A frequency distribution is often displayed as a table. A better and more visual representation of the data in a frequency distribution is what is known as a histogram.

Definition (Histogram).

A graph for quantitative data that displays an associative frequency distribution as bars. The height of each of the bars determines the frequency of data that falls within each of the bins. Typically, no gap is left between each of the bars in a histogram.

Here are a couple graphs that display histograms for their associated frequency distributions. From the graphs, one should observe the shape and size. We can immediately recognize where most of the data values fall and where the least of the data values fall.

Figure 3.26: Examples of Histograms

In Figure 3.26, we see that the histogram doesn’t seem to exhibit any recognizable shape. The bin (0.7,0.8] has the highest frequency of data values from the sample and (0.4,0.5] has the least.

In Figure 3.26, the histogram seems to exhibit a bell-shaped image. The highest frequency of data looks to be towards the center of the graph and happens to be in (0.4,0.5]. The bins with the least happen to occur on the right and left tails of the histogram. There happens to be, in the particular case, three bins with the least frequency.

Example 3.2.2.

Let’s generate a random sample of 100 data and construct a histogram of the sample using the Excel command 𝙽𝙾𝚁𝙼.𝙸𝙽𝚅(𝚁𝙰𝙽𝙳(),𝟼𝟶,𝟸)77The command 𝙽𝙾𝚁𝙼.𝙸𝙽𝚅(𝙿𝚁𝙾𝙱,𝙼𝙴𝙰𝙽,𝚂𝚃𝙳) will be discussed later. In this example, we can use it to generate random data. Note that we could have also used the Data Analysis Random Number Generation Tool.
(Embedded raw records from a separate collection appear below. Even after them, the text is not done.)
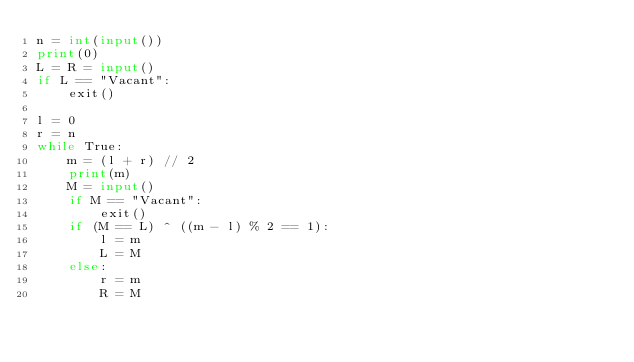<code> <loc_0><loc_0><loc_500><loc_500><_Python_>n = int(input())
print(0)
L = R = input()
if L == "Vacant":
    exit()

l = 0
r = n
while True:
    m = (l + r) // 2
    print(m)
    M = input()
    if M == "Vacant":
        exit()
    if (M == L) ^ ((m - l) % 2 == 1):
        l = m
        L = M
    else:
        r = m
        R = M

</code> 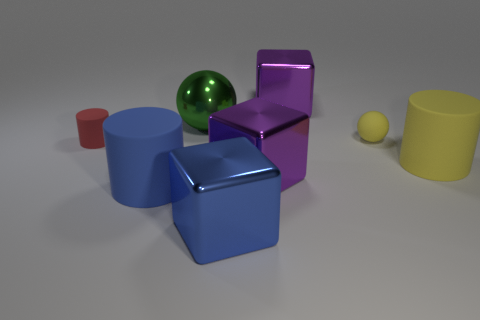Subtract 1 cylinders. How many cylinders are left? 2 Subtract all big blue metal blocks. How many blocks are left? 2 Add 1 tiny yellow matte objects. How many objects exist? 9 Subtract all blocks. How many objects are left? 5 Add 3 green things. How many green things exist? 4 Subtract 0 red blocks. How many objects are left? 8 Subtract all yellow spheres. Subtract all red cylinders. How many objects are left? 6 Add 6 rubber objects. How many rubber objects are left? 10

Using the command 𝙽𝙾𝚁𝙼.𝙸𝙽𝚅(𝚁𝙰𝙽𝙳(),𝟼𝟶,𝟸), we generated 100 data values for our sample.

Figure 3.27:

The maximum of the data is 64.65242379 and the minimum is 56.35438272. Using 10 bins, we obtain the following as our frequency distribution.

Figure 3.28:

Notice that each of the bins are of width 0.9. Highlighting the frequency column and selecting the bar graph chart from the ribbon, we then obtain the histogram pictured in Figure 3.29. Notice that we edited the chart to display a title and to display the bins below each of the bins. Also notice that there is no gap between each of the bars and border was included to denote the borders of each of the bins.

Figure 3.29: Histogram of the Data

Bar Graphs

Similar to a histogram, we have what is called a bar graph for qualitative data.

Definition (Bar Graph).

A graph for qualitative data that displays an associative frequency distribution as bars. The height of each of the bars determines the frequency of data that falls within each of the bins. Typically, a gap is left between each of the bars in a bar graph.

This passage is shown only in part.